:: What you should do ::
Beneath this task are records; print exactly the stretch of them from the line with "Offer a terse response. 8.4." through the line with "the lowest percentage", both ends included.

:: Available data ::
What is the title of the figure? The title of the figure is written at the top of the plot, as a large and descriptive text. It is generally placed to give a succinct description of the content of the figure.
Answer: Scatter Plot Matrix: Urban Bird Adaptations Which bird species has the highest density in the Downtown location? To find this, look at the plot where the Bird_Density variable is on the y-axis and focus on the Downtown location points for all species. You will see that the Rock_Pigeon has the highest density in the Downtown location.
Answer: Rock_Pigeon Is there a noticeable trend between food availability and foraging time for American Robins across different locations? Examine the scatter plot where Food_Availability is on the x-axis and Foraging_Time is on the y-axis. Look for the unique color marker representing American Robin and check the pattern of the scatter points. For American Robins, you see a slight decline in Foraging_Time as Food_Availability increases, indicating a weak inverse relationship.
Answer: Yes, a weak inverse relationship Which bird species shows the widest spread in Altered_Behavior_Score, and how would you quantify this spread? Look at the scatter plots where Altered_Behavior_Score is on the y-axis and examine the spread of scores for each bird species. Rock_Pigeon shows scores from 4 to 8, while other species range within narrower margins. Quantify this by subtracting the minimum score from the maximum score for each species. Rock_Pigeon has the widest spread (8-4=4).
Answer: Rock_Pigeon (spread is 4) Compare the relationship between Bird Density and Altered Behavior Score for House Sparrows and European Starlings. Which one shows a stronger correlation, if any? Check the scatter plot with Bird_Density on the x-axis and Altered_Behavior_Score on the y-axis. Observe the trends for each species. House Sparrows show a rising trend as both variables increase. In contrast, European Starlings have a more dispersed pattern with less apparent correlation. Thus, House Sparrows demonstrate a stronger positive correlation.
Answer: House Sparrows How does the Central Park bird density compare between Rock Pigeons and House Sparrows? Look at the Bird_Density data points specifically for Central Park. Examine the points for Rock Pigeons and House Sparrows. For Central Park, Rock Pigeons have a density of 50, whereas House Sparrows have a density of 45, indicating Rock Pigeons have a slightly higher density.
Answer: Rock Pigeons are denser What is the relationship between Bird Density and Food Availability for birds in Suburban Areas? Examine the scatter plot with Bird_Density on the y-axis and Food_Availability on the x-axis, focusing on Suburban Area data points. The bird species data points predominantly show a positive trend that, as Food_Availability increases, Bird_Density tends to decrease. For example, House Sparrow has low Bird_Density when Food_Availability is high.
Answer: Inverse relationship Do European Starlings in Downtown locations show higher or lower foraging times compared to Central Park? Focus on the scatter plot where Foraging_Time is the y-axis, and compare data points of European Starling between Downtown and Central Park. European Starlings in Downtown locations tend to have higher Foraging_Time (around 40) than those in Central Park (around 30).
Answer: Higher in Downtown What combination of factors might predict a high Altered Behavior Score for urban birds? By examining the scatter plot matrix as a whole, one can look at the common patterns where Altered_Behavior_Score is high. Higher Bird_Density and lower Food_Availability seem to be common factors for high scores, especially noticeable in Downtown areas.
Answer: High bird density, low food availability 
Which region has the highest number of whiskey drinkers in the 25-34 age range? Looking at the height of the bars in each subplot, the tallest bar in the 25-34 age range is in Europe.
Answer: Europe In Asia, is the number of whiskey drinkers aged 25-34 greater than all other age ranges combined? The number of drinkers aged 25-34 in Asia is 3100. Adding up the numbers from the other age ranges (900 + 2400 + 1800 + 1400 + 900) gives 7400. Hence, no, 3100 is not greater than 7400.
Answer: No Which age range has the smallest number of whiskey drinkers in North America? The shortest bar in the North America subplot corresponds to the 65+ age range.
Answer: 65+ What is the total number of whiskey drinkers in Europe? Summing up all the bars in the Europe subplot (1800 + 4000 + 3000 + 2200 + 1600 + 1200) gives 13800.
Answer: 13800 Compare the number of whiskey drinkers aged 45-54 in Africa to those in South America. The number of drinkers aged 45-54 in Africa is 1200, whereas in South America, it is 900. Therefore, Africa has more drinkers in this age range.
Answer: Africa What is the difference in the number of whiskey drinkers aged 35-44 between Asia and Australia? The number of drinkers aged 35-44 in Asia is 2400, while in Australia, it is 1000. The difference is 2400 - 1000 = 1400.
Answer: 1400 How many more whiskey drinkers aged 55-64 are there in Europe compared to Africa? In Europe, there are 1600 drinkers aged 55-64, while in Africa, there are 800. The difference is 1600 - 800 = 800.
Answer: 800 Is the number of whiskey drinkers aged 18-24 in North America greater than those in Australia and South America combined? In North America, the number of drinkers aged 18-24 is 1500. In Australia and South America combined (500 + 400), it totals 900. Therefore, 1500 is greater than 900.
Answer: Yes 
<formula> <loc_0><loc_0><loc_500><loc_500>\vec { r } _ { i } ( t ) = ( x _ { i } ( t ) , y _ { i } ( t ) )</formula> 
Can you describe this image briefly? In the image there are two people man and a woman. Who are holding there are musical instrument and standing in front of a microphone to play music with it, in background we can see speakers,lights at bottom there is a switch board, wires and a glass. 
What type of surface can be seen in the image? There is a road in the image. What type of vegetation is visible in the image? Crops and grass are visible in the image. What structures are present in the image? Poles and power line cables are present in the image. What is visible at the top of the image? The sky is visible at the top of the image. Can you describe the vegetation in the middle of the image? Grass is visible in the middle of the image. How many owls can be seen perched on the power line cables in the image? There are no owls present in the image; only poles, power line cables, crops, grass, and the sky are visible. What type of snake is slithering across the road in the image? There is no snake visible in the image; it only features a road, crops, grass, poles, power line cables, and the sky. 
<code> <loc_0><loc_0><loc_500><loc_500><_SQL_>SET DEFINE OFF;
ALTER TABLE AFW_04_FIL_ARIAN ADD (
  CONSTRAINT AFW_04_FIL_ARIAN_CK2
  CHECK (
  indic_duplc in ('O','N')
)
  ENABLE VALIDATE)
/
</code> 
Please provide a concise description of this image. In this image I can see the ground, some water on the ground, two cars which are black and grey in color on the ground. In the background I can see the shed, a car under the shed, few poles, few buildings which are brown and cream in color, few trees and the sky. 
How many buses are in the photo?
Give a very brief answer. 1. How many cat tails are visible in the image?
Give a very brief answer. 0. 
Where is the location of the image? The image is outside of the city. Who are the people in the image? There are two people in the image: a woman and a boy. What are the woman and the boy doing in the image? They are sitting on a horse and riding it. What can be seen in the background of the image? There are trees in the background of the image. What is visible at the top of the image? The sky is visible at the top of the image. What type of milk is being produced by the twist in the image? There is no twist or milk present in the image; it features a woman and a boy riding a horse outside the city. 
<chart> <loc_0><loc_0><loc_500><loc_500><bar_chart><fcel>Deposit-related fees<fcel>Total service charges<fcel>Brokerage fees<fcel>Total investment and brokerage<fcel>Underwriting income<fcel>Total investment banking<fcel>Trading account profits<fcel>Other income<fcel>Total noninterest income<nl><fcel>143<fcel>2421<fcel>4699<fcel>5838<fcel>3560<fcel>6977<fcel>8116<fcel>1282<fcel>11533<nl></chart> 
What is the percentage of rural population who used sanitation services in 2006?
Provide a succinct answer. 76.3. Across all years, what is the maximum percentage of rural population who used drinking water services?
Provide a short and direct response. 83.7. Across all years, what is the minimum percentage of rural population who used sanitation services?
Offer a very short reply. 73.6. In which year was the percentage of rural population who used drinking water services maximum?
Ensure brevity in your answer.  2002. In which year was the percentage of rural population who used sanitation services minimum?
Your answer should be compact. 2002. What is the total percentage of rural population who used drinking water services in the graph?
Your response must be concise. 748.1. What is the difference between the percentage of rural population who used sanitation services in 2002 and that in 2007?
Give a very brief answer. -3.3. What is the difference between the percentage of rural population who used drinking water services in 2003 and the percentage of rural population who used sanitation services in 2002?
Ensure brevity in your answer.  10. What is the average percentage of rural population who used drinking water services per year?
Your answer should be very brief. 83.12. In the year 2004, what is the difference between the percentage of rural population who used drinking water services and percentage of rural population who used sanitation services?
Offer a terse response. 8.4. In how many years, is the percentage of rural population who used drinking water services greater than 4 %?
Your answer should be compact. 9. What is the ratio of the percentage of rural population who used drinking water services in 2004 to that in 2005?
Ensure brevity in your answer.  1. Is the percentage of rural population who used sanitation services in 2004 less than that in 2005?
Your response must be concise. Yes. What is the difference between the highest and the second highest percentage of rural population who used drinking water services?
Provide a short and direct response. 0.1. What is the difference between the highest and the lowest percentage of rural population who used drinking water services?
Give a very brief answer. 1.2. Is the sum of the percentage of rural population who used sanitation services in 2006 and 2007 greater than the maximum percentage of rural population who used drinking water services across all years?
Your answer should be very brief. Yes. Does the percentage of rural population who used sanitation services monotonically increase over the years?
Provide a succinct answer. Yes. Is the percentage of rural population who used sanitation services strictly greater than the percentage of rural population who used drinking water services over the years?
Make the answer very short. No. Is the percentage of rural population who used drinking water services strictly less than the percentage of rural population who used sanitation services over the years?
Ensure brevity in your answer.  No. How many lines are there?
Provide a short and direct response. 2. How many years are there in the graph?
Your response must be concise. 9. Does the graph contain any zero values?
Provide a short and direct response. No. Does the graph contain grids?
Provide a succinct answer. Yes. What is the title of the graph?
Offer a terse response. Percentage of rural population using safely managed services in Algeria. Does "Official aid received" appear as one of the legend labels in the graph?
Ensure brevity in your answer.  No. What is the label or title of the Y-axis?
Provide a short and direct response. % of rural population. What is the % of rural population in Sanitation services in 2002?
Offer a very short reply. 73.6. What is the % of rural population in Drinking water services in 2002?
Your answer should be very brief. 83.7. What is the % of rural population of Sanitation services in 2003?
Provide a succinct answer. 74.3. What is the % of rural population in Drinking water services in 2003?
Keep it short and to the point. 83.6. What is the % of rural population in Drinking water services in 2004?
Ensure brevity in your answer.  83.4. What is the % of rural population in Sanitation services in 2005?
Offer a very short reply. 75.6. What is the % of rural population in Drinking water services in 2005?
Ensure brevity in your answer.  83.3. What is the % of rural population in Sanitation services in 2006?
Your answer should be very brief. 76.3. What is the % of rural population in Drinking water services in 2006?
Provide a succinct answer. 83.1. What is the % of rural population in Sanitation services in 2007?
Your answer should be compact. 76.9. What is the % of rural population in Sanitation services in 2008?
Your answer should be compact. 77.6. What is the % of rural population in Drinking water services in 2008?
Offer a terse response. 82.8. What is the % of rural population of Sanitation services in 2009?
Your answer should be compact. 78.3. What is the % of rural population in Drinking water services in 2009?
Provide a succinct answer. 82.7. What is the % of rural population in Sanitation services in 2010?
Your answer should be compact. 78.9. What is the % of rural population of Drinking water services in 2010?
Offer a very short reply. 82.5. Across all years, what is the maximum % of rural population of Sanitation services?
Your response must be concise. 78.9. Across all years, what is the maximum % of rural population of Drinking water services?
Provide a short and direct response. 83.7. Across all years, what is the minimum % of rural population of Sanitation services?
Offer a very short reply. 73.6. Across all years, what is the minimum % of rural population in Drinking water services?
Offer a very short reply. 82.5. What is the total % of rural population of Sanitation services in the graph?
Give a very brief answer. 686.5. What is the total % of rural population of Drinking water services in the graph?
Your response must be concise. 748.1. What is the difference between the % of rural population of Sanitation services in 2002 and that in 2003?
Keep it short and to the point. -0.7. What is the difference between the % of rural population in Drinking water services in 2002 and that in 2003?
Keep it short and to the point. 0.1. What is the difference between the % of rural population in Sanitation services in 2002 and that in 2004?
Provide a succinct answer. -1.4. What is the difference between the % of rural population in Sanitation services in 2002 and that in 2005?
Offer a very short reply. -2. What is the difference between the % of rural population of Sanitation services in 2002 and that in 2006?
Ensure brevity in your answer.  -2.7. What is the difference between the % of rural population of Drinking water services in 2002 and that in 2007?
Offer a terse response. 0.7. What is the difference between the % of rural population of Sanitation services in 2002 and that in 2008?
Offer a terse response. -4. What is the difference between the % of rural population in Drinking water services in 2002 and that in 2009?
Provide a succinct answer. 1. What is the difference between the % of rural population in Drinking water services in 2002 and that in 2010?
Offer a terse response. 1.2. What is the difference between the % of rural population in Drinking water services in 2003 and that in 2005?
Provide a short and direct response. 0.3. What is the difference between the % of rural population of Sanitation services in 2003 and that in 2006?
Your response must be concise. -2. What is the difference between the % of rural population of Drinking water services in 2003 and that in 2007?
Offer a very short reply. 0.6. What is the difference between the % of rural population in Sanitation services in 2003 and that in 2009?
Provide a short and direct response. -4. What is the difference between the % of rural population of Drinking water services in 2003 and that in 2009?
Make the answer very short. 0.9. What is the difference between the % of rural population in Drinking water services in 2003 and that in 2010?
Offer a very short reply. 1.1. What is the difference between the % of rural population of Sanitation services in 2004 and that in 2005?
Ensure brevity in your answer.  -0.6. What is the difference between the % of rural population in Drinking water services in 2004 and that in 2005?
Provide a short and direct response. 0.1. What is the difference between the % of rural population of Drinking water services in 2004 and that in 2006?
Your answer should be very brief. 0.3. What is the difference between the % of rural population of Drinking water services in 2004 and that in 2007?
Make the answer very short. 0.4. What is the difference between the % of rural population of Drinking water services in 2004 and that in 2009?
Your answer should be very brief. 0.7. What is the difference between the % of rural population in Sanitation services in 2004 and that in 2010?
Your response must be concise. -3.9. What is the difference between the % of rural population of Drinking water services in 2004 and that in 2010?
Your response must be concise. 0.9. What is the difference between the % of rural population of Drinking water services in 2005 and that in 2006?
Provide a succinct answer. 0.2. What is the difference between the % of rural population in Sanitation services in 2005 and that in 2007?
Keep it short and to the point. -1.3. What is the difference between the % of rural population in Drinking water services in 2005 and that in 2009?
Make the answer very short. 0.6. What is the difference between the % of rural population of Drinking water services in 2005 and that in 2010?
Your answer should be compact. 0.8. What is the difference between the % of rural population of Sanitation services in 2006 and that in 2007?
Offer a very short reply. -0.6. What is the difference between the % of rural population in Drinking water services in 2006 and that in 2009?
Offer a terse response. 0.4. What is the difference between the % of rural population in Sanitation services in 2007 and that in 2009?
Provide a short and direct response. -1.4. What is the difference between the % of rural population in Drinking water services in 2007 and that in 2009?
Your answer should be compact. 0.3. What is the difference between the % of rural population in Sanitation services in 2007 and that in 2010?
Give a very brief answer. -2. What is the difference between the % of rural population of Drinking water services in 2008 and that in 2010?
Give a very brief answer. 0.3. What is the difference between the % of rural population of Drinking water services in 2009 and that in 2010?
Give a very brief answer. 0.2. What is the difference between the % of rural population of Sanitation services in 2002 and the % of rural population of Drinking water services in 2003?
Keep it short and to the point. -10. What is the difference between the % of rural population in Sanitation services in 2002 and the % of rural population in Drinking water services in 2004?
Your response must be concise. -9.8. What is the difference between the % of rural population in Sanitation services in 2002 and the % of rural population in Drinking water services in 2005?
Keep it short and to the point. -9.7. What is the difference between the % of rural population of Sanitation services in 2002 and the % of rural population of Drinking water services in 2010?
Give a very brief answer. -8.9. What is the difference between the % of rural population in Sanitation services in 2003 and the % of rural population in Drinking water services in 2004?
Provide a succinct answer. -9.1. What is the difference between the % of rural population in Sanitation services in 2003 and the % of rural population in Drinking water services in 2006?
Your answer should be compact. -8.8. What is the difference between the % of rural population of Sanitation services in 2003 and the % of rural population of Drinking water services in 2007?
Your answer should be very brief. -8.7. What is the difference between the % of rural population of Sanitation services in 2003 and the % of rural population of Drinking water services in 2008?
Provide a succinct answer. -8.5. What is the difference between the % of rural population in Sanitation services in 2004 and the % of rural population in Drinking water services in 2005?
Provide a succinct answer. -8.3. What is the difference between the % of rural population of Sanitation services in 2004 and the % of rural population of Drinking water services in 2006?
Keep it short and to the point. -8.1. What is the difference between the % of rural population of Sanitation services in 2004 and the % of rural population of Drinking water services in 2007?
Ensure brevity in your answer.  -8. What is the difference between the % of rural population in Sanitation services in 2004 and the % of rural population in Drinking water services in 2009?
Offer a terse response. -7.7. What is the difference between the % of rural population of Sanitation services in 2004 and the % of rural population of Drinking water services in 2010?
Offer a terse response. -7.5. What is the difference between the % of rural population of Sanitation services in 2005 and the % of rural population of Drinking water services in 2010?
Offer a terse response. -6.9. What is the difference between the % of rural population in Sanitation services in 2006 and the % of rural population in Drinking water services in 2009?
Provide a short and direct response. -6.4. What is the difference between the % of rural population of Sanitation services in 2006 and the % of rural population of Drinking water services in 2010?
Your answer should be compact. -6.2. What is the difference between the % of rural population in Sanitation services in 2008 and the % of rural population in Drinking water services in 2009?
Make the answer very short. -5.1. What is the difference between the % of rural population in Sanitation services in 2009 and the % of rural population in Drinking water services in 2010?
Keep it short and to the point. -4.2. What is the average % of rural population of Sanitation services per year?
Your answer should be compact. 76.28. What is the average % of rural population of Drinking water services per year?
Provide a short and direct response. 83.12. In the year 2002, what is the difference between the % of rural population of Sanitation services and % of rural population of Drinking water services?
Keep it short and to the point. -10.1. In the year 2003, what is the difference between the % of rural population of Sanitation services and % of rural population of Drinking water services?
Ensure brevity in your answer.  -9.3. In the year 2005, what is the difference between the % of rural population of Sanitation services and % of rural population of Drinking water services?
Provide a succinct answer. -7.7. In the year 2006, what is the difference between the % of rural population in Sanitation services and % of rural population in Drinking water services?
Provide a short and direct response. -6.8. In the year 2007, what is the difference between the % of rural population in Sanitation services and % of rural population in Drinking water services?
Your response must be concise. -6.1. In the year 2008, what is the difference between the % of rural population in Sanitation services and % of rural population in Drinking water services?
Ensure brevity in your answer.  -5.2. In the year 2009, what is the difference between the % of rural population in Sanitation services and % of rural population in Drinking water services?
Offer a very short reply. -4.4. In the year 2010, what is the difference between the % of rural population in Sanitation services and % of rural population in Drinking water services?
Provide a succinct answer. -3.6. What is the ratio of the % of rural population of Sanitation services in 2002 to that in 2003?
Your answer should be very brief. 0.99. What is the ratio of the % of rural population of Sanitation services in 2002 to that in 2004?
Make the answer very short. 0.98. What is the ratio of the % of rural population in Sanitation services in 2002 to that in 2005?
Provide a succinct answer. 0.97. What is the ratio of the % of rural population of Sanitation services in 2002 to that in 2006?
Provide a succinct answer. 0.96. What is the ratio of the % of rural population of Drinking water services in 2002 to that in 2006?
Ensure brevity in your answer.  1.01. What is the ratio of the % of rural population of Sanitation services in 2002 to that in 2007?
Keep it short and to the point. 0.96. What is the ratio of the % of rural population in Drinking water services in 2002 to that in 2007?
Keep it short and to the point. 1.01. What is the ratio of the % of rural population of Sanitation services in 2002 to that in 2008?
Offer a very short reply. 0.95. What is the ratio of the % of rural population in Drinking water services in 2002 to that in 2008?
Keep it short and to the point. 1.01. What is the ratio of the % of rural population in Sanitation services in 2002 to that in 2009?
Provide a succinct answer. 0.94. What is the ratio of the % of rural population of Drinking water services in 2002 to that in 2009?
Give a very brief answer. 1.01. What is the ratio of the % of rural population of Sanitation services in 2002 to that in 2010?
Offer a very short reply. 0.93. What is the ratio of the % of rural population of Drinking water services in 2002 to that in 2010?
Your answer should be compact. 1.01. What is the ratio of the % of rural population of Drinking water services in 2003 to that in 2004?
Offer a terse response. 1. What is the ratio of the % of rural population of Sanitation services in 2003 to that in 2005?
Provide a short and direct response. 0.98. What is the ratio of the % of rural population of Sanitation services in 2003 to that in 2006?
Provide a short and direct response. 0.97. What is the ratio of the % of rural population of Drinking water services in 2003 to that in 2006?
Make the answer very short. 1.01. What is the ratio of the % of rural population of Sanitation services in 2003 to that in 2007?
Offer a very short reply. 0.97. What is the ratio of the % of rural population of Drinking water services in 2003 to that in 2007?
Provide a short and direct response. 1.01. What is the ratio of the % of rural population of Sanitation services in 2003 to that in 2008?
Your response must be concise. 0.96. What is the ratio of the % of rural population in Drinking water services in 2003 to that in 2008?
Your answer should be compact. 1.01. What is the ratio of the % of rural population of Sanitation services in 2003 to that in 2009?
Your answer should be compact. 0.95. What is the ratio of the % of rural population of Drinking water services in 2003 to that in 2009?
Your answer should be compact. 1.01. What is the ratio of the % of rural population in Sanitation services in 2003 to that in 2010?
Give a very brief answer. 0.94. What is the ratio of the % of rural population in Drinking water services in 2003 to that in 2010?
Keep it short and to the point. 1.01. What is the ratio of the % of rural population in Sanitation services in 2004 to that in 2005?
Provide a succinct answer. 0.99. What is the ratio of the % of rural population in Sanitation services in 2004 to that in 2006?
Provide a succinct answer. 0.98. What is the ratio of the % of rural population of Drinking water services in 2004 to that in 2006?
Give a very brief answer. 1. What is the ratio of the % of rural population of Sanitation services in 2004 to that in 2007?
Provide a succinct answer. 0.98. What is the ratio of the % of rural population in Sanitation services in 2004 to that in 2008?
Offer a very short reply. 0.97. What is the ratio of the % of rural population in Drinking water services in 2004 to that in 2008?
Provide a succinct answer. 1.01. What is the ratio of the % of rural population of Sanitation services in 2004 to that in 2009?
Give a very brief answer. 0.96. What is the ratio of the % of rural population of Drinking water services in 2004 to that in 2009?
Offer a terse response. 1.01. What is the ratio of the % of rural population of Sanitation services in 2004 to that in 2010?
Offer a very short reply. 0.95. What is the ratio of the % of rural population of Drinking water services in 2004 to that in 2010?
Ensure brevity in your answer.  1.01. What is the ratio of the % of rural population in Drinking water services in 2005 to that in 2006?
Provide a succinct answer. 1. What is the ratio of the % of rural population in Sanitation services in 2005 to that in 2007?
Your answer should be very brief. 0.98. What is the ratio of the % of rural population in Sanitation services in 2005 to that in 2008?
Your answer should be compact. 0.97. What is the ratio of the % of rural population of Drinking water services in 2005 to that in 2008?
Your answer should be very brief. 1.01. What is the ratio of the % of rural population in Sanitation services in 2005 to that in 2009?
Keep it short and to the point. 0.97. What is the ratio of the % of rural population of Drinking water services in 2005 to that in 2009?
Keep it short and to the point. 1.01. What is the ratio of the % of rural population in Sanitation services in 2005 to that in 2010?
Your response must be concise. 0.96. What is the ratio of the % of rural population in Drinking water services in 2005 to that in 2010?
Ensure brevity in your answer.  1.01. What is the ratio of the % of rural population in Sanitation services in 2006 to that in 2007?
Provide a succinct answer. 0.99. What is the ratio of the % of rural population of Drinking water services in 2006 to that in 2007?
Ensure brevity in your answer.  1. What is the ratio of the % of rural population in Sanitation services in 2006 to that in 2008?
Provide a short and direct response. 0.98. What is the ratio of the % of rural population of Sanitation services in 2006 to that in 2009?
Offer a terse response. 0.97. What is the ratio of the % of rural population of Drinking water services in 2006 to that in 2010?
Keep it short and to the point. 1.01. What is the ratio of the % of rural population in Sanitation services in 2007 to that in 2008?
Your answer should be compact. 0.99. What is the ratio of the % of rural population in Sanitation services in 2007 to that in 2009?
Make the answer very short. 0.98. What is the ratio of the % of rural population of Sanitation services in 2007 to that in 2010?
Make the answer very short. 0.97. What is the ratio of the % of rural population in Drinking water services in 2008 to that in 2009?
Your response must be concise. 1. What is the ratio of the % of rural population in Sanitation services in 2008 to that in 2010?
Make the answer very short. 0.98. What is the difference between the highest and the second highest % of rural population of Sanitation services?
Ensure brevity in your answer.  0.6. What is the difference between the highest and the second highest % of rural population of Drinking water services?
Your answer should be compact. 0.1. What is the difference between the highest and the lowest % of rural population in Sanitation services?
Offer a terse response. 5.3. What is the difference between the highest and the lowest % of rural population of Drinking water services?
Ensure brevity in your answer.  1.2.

:: Output of the exercise ::
Offer a terse response. 8.4. In how many years, is the percentage of rural population who used drinking water services greater than 4 %?
Your answer should be compact. 9. What is the ratio of the percentage of rural population who used drinking water services in 2004 to that in 2005?
Ensure brevity in your answer.  1. Is the percentage of rural population who used sanitation services in 2004 less than that in 2005?
Your response must be concise. Yes. What is the difference between the highest and the second highest percentage of rural population who used drinking water services?
Provide a short and direct response. 0.1. What is the difference between the highest and the lowest percentage of rural population who used drinking water services?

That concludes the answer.